▶ [TASK DETAILS]:
Quote the lines of the data below verbatim, beginning at the line that contains "The width and" and ending at the last line, both included, and excluding pictures.

▶ [EXTRACTED INFORMATION]:
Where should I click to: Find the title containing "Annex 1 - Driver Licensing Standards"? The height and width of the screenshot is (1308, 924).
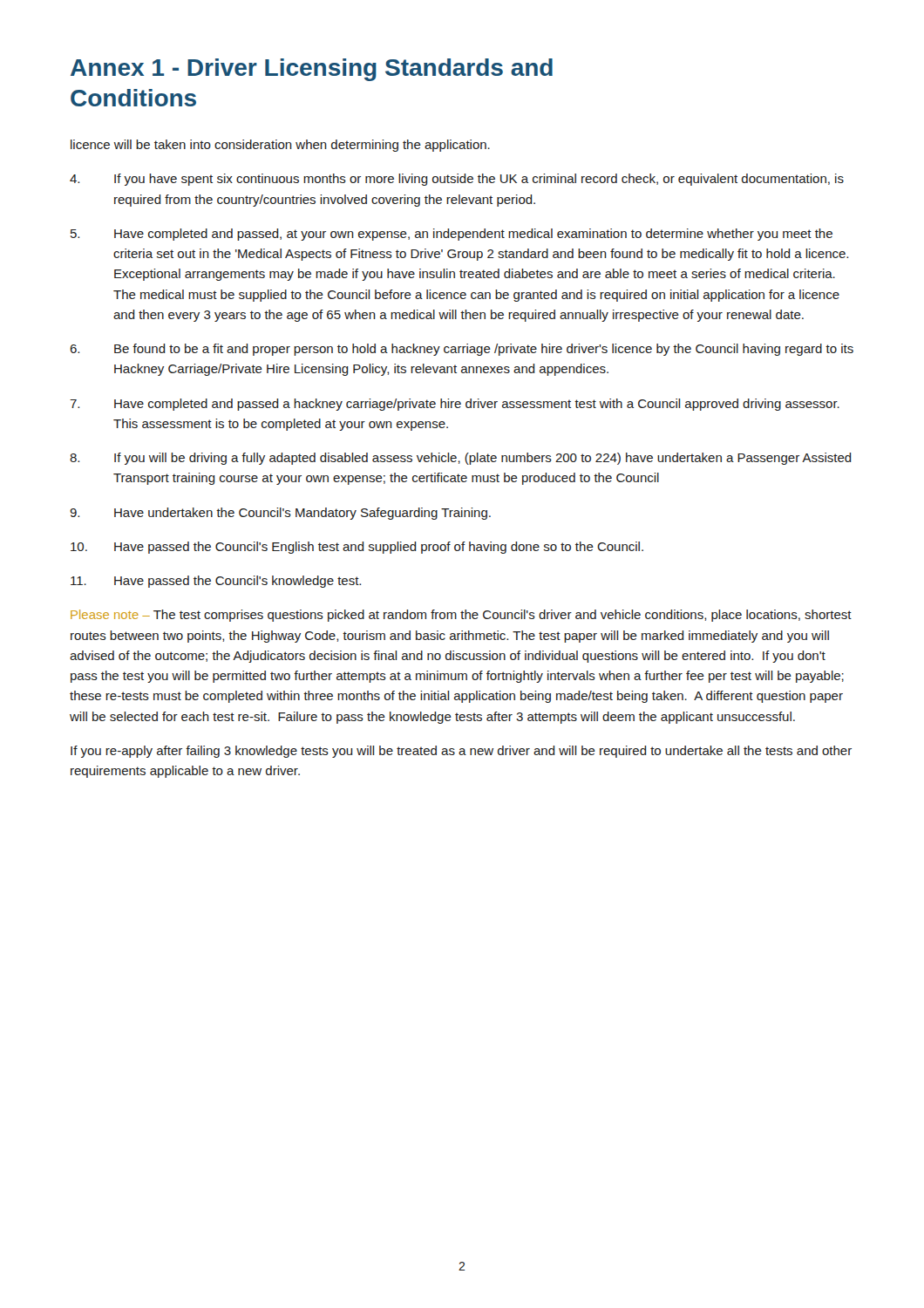click(312, 83)
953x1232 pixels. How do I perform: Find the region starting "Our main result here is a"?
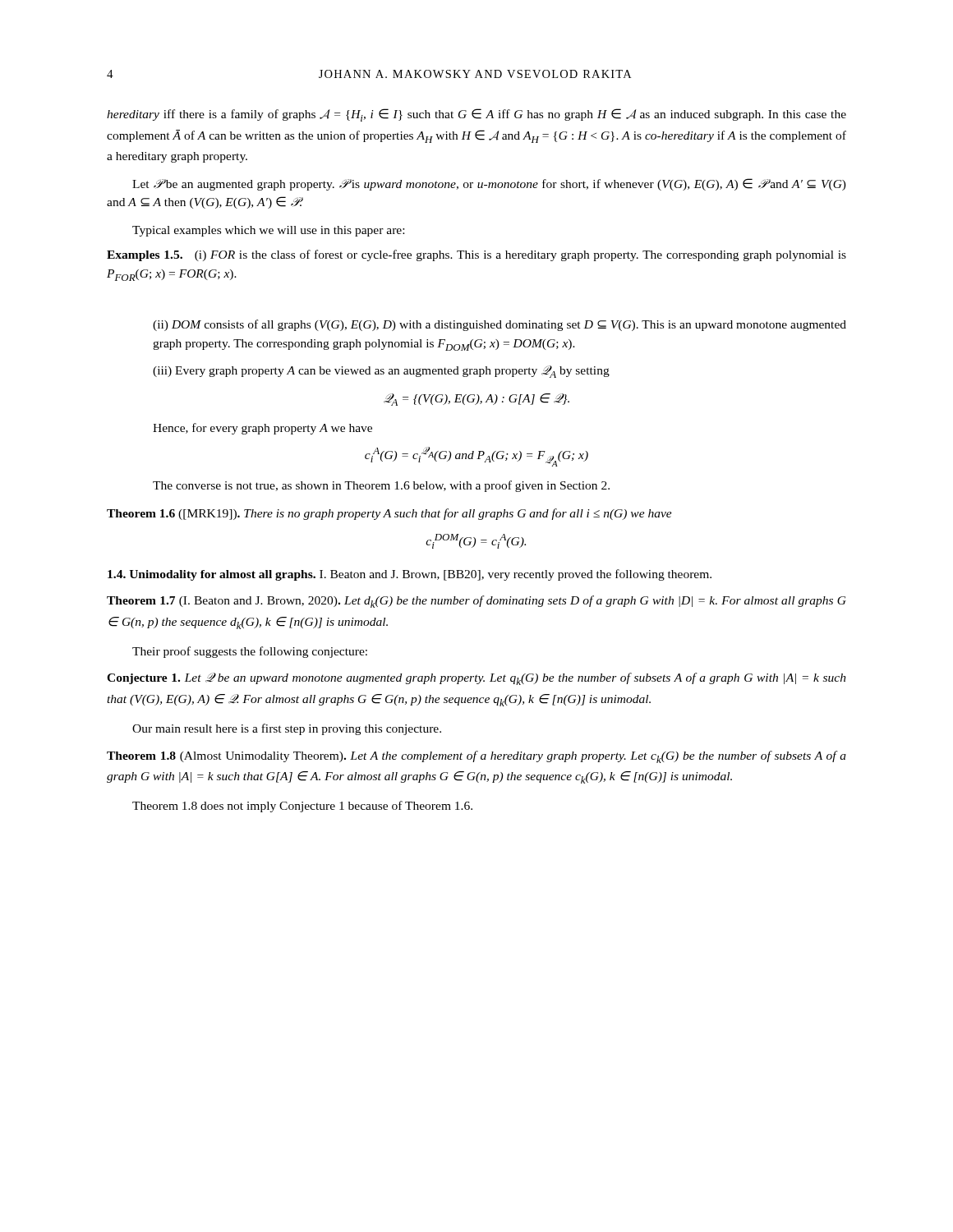coord(287,729)
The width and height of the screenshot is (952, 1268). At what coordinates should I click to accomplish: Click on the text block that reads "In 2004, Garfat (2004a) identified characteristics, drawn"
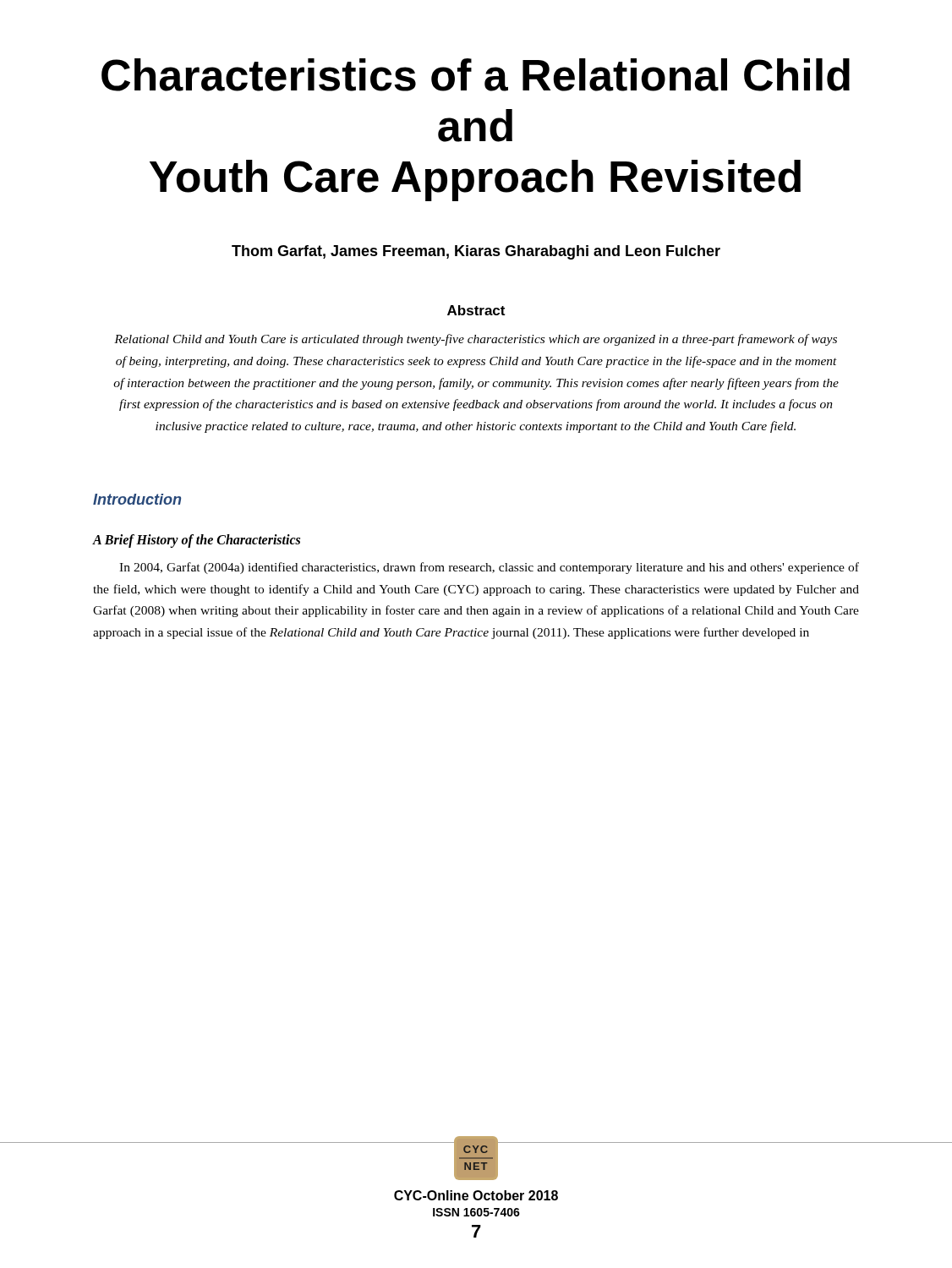pos(476,600)
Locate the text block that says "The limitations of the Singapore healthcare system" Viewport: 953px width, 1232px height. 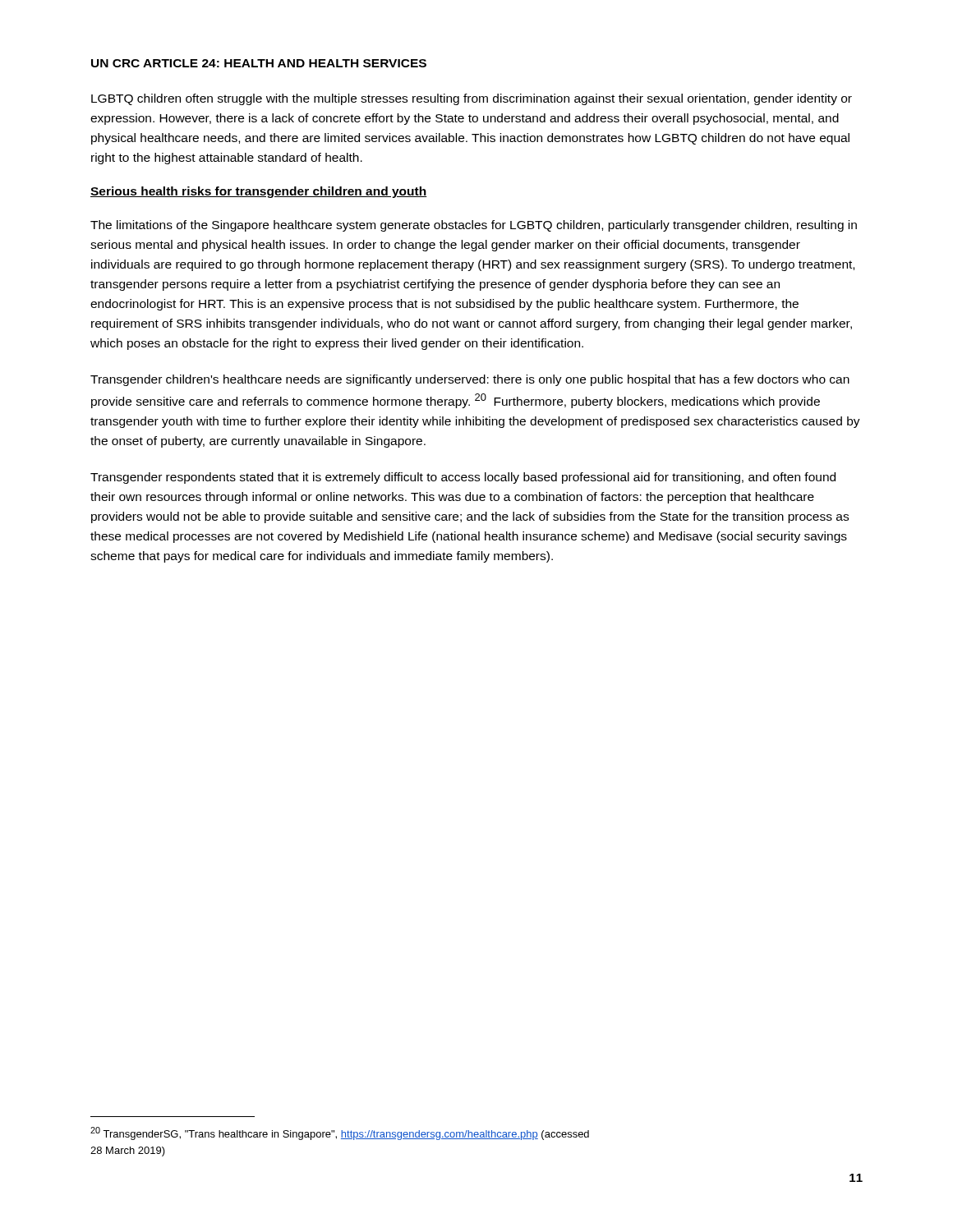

▶ [TASK SOLUTION]:
The width and height of the screenshot is (952, 1268). At what coordinates should I click to accomplish: Click on the text block that reads "In 2004, Garfat (2004a) identified characteristics, drawn"
pos(476,600)
Locate the text block that says "The limitations of the Singapore healthcare system" Viewport: 953px width, 1232px height. 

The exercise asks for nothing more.